**TO DO**
Retype the data exactly, skipping any picture in it.

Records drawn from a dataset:
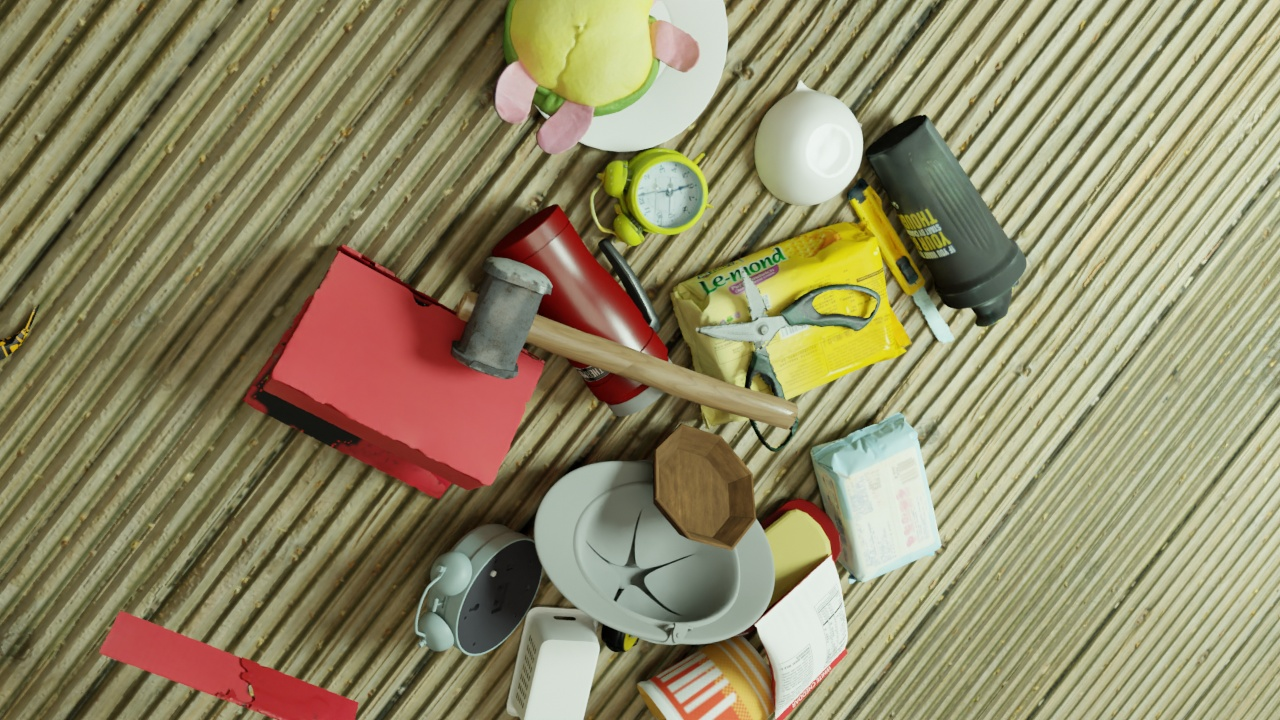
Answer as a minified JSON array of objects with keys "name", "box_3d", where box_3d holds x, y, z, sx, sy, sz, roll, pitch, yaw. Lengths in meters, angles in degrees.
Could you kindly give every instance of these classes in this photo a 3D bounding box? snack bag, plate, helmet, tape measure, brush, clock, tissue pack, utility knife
[{"name":"snack bag","box_3d":[0.176,0.297,0.972,0.130,0.039,0.144,-31,121,-33]},{"name":"snack bag","box_3d":[0.159,-0.039,0.946,0.247,0.068,0.160,-22,108,-12]},{"name":"plate","box_3d":[0.060,0.130,0.922,0.131,0.025,0.131,19,53,-28]},{"name":"helmet","box_3d":[-0.003,0.207,0.930,0.270,0.118,0.183,13,56,-27]},{"name":"plate","box_3d":[-0.018,-0.301,0.849,0.208,0.015,0.209,-4,105,-17]},{"name":"tape measure","box_3d":[-0.014,0.280,0.978,0.034,0.061,0.062,20,101,24]},{"name":"brush","box_3d":[0.139,0.225,1.001,0.173,0.042,0.082,-38,78,-6]},{"name":"clock","box_3d":[0.009,-0.156,0.875,0.119,0.057,0.083,-17,109,-7]},{"name":"clock","box_3d":[-0.157,0.221,0.881,0.159,0.045,0.122,-2,112,-58]},{"name":"tissue pack","box_3d":[0.266,0.160,1.032,0.112,0.070,0.182,-22,112,-11]},{"name":"utility knife","box_3d":[0.288,-0.103,1.002,0.030,0.019,0.225,-37,115,4]}]

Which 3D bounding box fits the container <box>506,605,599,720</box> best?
[{"name":"container","box_3d":[-0.088,0.331,0.971,0.080,0.049,0.129,9,101,-20]}]

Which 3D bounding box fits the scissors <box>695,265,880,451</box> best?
[{"name":"scissors","box_3d":[0.144,0.001,0.907,0.201,0.015,0.204,-3,108,-19]}]

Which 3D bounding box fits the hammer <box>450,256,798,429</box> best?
[{"name":"hammer","box_3d":[-0.005,0.005,0.824,0.328,0.052,0.098,20,102,-17]}]

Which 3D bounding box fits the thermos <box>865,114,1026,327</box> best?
[{"name":"thermos","box_3d":[0.324,-0.147,0.963,0.098,0.098,0.221,-39,106,-5]}]

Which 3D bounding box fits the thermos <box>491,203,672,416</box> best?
[{"name":"thermos","box_3d":[-0.043,-0.053,0.874,0.107,0.084,0.198,-48,113,-30]}]

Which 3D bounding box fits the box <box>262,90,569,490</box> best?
[{"name":"box","box_3d":[-0.201,-0.092,0.940,0.214,0.477,0.171,30,116,-22]}]

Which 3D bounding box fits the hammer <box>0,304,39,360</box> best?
[{"name":"hammer","box_3d":[-0.571,-0.143,0.705,0.123,0.036,0.321,-13,110,-15]}]

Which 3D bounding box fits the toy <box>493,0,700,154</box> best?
[{"name":"toy","box_3d":[-0.039,-0.293,0.788,0.190,0.088,0.238,31,88,-3]}]

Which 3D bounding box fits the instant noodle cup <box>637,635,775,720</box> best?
[{"name":"instant noodle cup","box_3d":[0.082,0.372,1.005,0.121,0.123,0.123,-33,111,-16]}]

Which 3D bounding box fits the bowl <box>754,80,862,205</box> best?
[{"name":"bowl","box_3d":[0.176,-0.211,0.916,0.114,0.050,0.115,-4,105,-17]}]
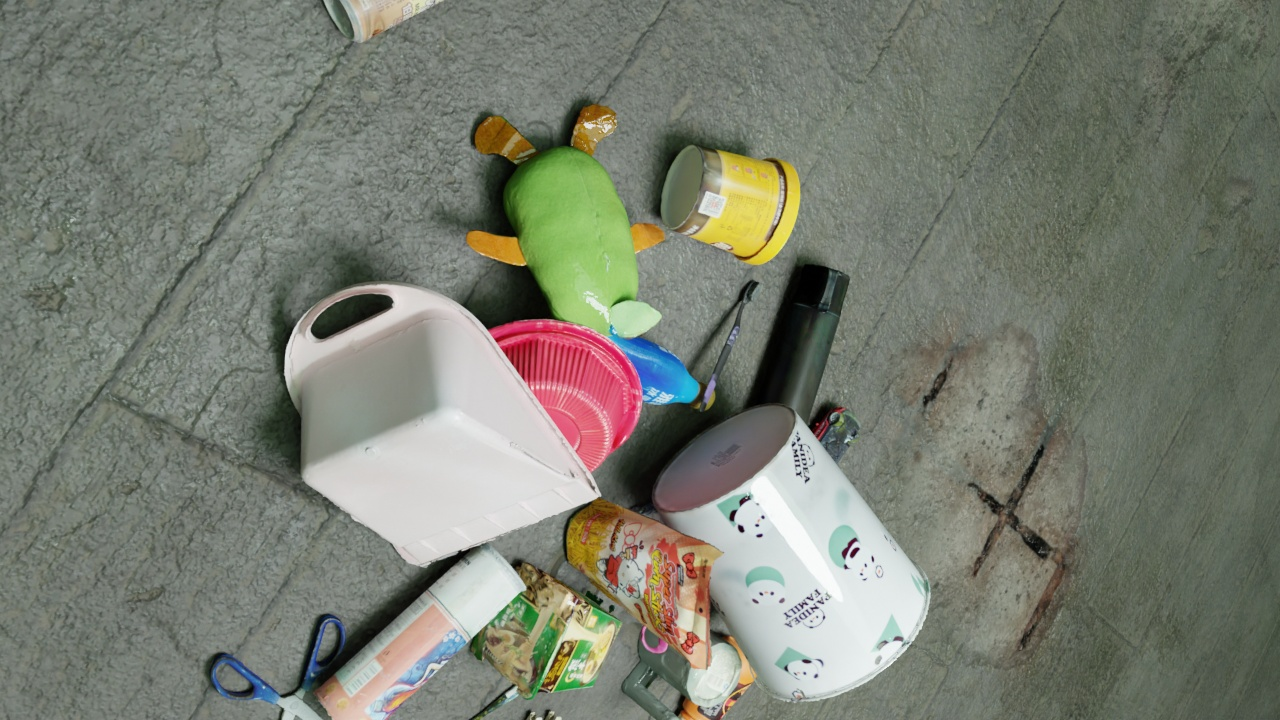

**OUTPUT FOR THIS TASK**
Answer as a minified JSON array of objects with keys "name", "box_3d", where box_3d holds x, y, z, sx, sy, sz, roll, pitch, yaw. Lengths in meters, angles in degrees.
Could you kindly give every instance of these classes in this photo a 3D bounding box? snack bag, plate, helmet, tape measure, brush, clock, tissue pack, utility knife
[{"name":"snack bag","box_3d":[0.176,0.297,0.972,0.130,0.039,0.144,-31,121,-33]},{"name":"snack bag","box_3d":[0.159,-0.039,0.946,0.247,0.068,0.160,-22,108,-12]},{"name":"plate","box_3d":[0.060,0.130,0.922,0.131,0.025,0.131,19,53,-28]},{"name":"helmet","box_3d":[-0.003,0.207,0.930,0.270,0.118,0.183,13,56,-27]},{"name":"plate","box_3d":[-0.018,-0.301,0.849,0.208,0.015,0.209,-4,105,-17]},{"name":"tape measure","box_3d":[-0.014,0.280,0.978,0.034,0.061,0.062,20,101,24]},{"name":"brush","box_3d":[0.139,0.225,1.001,0.173,0.042,0.082,-38,78,-6]},{"name":"clock","box_3d":[0.009,-0.156,0.875,0.119,0.057,0.083,-17,109,-7]},{"name":"clock","box_3d":[-0.157,0.221,0.881,0.159,0.045,0.122,-2,112,-58]},{"name":"tissue pack","box_3d":[0.266,0.160,1.032,0.112,0.070,0.182,-22,112,-11]},{"name":"utility knife","box_3d":[0.288,-0.103,1.002,0.030,0.019,0.225,-37,115,4]}]

Which 3D bounding box fits the container <box>506,605,599,720</box> best?
[{"name":"container","box_3d":[-0.088,0.331,0.971,0.080,0.049,0.129,9,101,-20]}]

Which 3D bounding box fits the scissors <box>695,265,880,451</box> best?
[{"name":"scissors","box_3d":[0.144,0.001,0.907,0.201,0.015,0.204,-3,108,-19]}]

Which 3D bounding box fits the hammer <box>450,256,798,429</box> best?
[{"name":"hammer","box_3d":[-0.005,0.005,0.824,0.328,0.052,0.098,20,102,-17]}]

Which 3D bounding box fits the thermos <box>865,114,1026,327</box> best?
[{"name":"thermos","box_3d":[0.324,-0.147,0.963,0.098,0.098,0.221,-39,106,-5]}]

Which 3D bounding box fits the thermos <box>491,203,672,416</box> best?
[{"name":"thermos","box_3d":[-0.043,-0.053,0.874,0.107,0.084,0.198,-48,113,-30]}]

Which 3D bounding box fits the box <box>262,90,569,490</box> best?
[{"name":"box","box_3d":[-0.201,-0.092,0.940,0.214,0.477,0.171,30,116,-22]}]

Which 3D bounding box fits the hammer <box>0,304,39,360</box> best?
[{"name":"hammer","box_3d":[-0.571,-0.143,0.705,0.123,0.036,0.321,-13,110,-15]}]

Which 3D bounding box fits the toy <box>493,0,700,154</box> best?
[{"name":"toy","box_3d":[-0.039,-0.293,0.788,0.190,0.088,0.238,31,88,-3]}]

Which 3D bounding box fits the instant noodle cup <box>637,635,775,720</box> best?
[{"name":"instant noodle cup","box_3d":[0.082,0.372,1.005,0.121,0.123,0.123,-33,111,-16]}]

Which 3D bounding box fits the bowl <box>754,80,862,205</box> best?
[{"name":"bowl","box_3d":[0.176,-0.211,0.916,0.114,0.050,0.115,-4,105,-17]}]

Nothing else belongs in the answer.